A Fandom History Primer (Part I)

We’ve heard the word ‘fandom’ used often in modern media and until recently, many people were unaware of the term. If they were aware of its use, many would associate it with the science fiction fandom or, more specifically, the Star Trek fandom. So what is fandom?

Fandom is defined in various places as a loose association of people who share a common interest in a piece of popular culture. These fans participate in fandom activities, whether it’s a group getting together to watch new episodes, the individual or group creation of fanwork, or the academic analysis of the piece of media. Fanwork can be a lot of things in this context and examples include fanart, fanfic, playlists, meta, and graphic manipulation. Fandom is not restricted to serialized television shows, although it is because of the popularity of Star Trek that fandom has become intrinsically linked to sequential media.

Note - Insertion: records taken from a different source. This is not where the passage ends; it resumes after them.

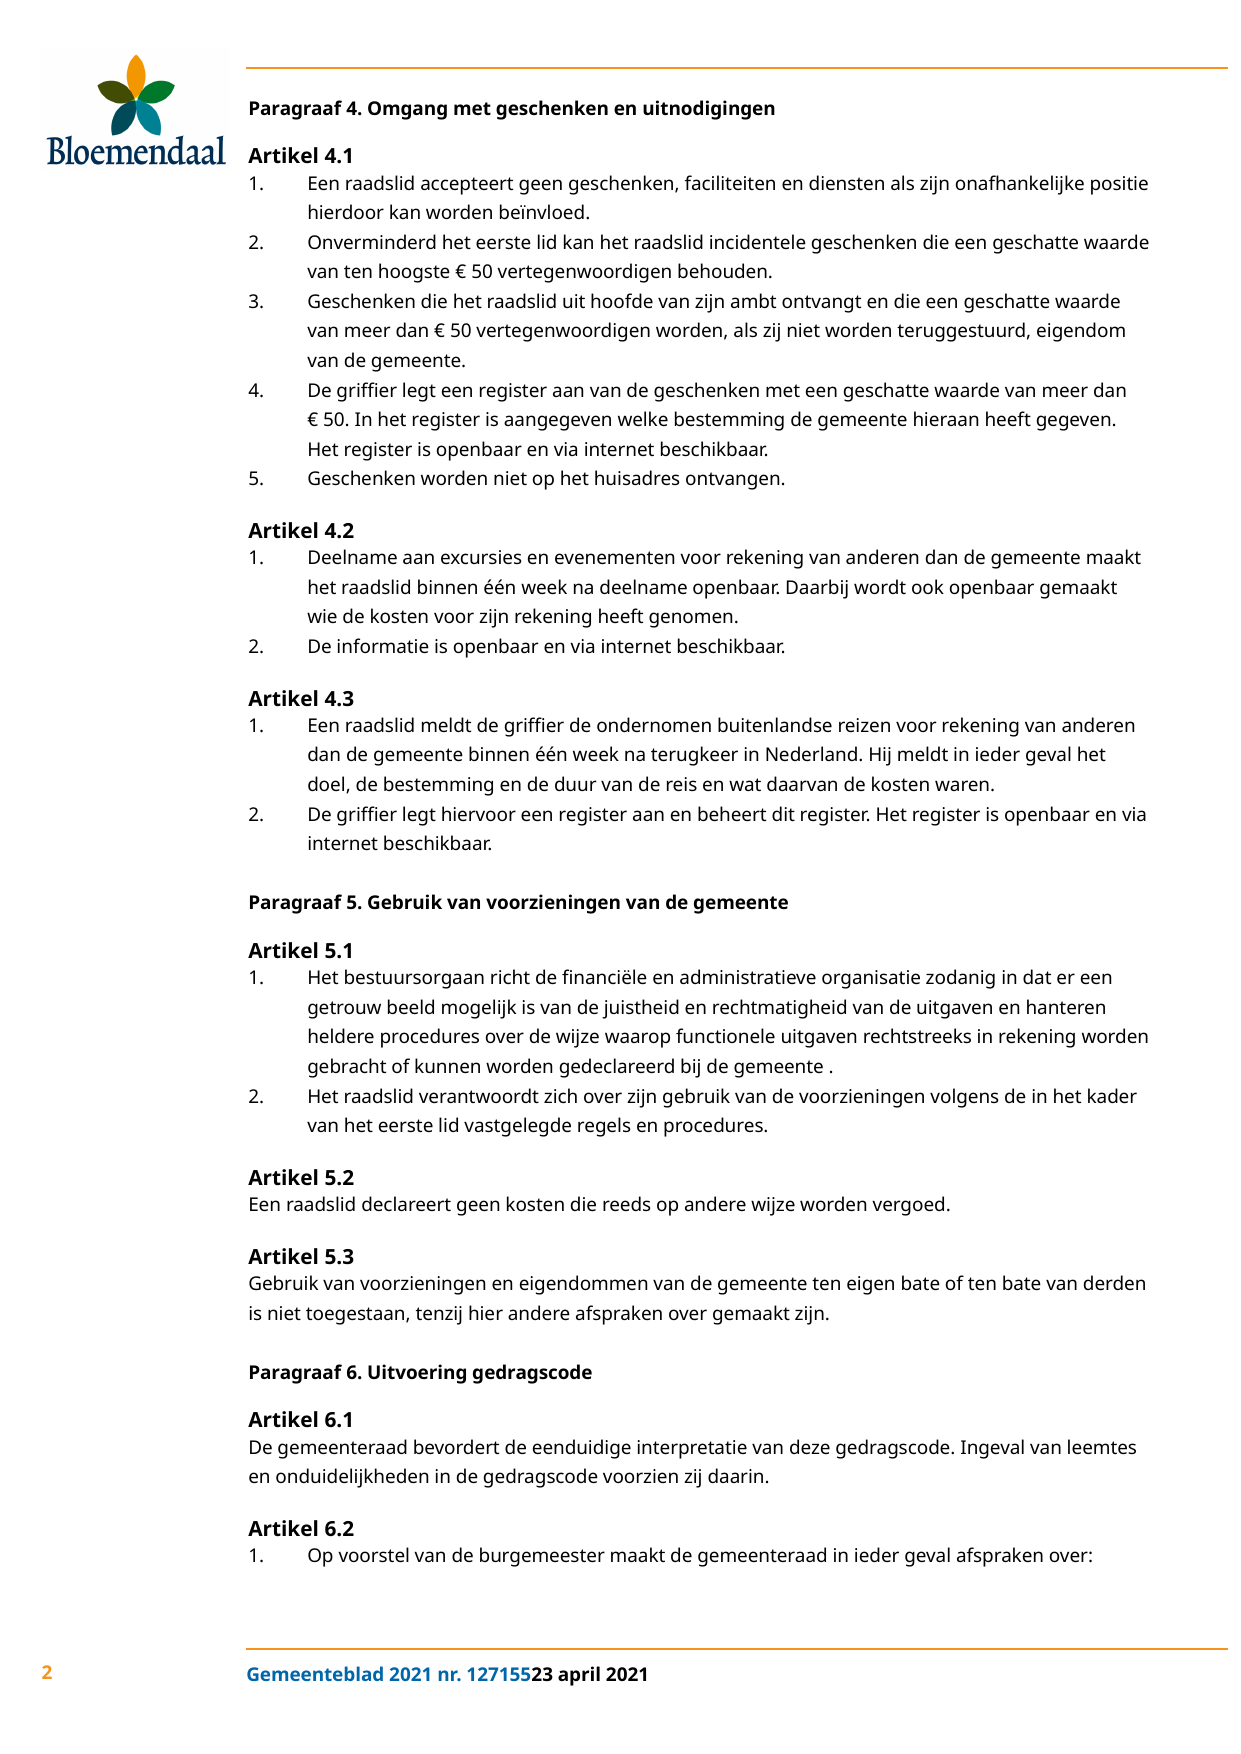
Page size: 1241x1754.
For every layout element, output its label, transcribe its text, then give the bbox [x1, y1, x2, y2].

text Artikel 4.2 [248, 516, 1152, 544]
list Het bestuursorgaan richt de financiële en administratieve organisatie zodanig in dat er een getrouw beeld mogelijk is van de juistheid en rechtmatigheid van de uitgaven en hanteren heldere procedures over de wijze waarop functionele uitgaven rechtstreeks in rekening worden gebracht of kunnen worden gedeclareerd bij de gemeente . [248, 964, 1152, 1079]
text Artikel 4.1 [248, 141, 1152, 170]
text Artikel 5.2 [248, 1163, 1152, 1191]
text Paragraaf 4. Omgang met geschenken en uitnodigingen [248, 95, 1152, 121]
text Paragraaf 6. Uitvoering gedragscode [248, 1359, 1152, 1385]
list De griffier legt hiervoor een register aan en beheert dit register. Het register is openbaar en via internet beschikbaar. [248, 801, 1152, 856]
text Artikel 4.3 [248, 684, 1152, 712]
picture [41, 47, 231, 172]
list Een raadslid accepteert geen geschenken, faciliteiten en diensten als zijn onafhankelijke positie hierdoor kan worden beïnvloed. [248, 170, 1152, 225]
text Een raadslid declareert geen kosten die reeds op andere wijze worden vergoed. [248, 1191, 1152, 1217]
list Geschenken worden niet op het huisadres ontvangen. [248, 466, 1152, 491]
list Een raadslid meldt de griffier de ondernomen buitenlandse reizen voor rekening van anderen dan de gemeente binnen één week na terugkeer in Nederland. Hij meldt in ieder geval het doel, de bestemming en de duur van de reis en wat daarvan de kosten waren. [248, 712, 1152, 797]
list Geschenken die het raadslid uit hoofde van zijn ambt ontvangt en die een geschatte waarde van meer dan € 50 vertegenwoordigen worden, als zij niet worden teruggestuurd, eigendom van de gemeente. [248, 288, 1152, 373]
list De griffier legt een register aan van de geschenken met een geschatte waarde van meer dan € 50. In het register is aangegeven welke bestemming de gemeente hieraan heeft gegeven. Het register is openbaar en via internet beschikbaar. [248, 377, 1152, 462]
list De informatie is openbaar en via internet beschikbaar. [248, 633, 1152, 659]
text Paragraaf 5. Gebruik van voorzieningen van de gemeente [248, 889, 1152, 915]
text Artikel 5.1 [248, 936, 1152, 964]
list Het raadslid verantwoordt zich over zijn gebruik van de voorzieningen volgens de in het kader van het eerste lid vastgelegde regels en procedures. [248, 1083, 1152, 1138]
list Onverminderd het eerste lid kan het raadslid incidentele geschenken die een geschatte waarde van ten hoogste € 50 vertegenwoordigen behouden. [248, 229, 1152, 284]
text Artikel 6.2 [248, 1514, 1152, 1542]
list Deelname aan excursies en evenementen voor rekening van anderen dan de gemeente maakt het raadslid binnen één week na deelname openbaar. Daarbij wordt ook openbaar gemaakt wie de kosten voor zijn rekening heeft genomen. [248, 544, 1152, 629]
list Op voorstel van de burgemeester maakt de gemeenteraad in ieder geval afspraken over: [248, 1542, 1152, 1568]
text Artikel 6.1 [248, 1406, 1152, 1434]
text Gebruik van voorzieningen en eigendommen van de gemeente ten eigen bate of ten bate van derden is niet toegestaan, tenzij hier andere afspraken over gemaakt zijn. [248, 1270, 1152, 1326]
text Artikel 5.3 [248, 1242, 1152, 1270]
text De gemeenteraad bevordert de eenduidige interpretatie van deze gedragscode. Ingeval van leemtes en onduidelijkheden in de gedragscode voorzien zij daarin. [248, 1434, 1152, 1489]

Despite the modern connotations, the word fandom has been in use since the 1890s, and was probably established in modern English at least a decade earlier. It was originally used as a sports term, but quickly grew to encompass additional groups of fans, specifically those writers and readers of science fiction and speculative fiction. It was an umbrella genre term, rather than a word that fans of specific works applied to themselves as a definition of their enthusiasm.

So where did the modern fandom–fans of a specific media canon–begin?

The answer, my dears, is not extraordinary, but elementary.

It started with Sherlock Holmes.

The stories of the now-infamous detective were not originally published as novels, but rather distributed in monthly fiction magazines. These short stories were serialized and people waited in anticipation for the next installment, much the same way that people count down the months until the next Game of Thrones season. Many fans, who called themselves Sherlockians, came together in groups to analyze the text, trying to find clues and figure out “the great game” that the author had presented to them. People were so invested in Sherlock Holmes that after Doyle killed off his detective, hordes of people protested by marching in the streets with black armbands. The fervor was intense.

A particular genre of celebratory fiction, called pastiche by the fandom at the time, was published and distributed in zines. Pastiches were pieces of fiction, authored by people other than Doyle, that used the characters and setting of the Sherlock Holmes stories and placed them in different settings or dramas.

Now, we would call this fanfiction.

The earliest retrievable pastiche of Sherlock Holmes is an 1892 story by a then-anonymous author titled “My Evening with Sherlock Holmes.” Later that same year, Peter Pan author, J.M. Barrie, took credit for the work, and even revealed himself to Doyle at a dinner party, asking what he thought of the skit. Doyle, by most accounts, barely cared about this, or any other pastiche published. He seemed to realize that these short tributes wouldn’t affect the sales of the collected works of Sherlock Holmes, and any attention paid to the pastiche made his own star rise and kept his bank account happy.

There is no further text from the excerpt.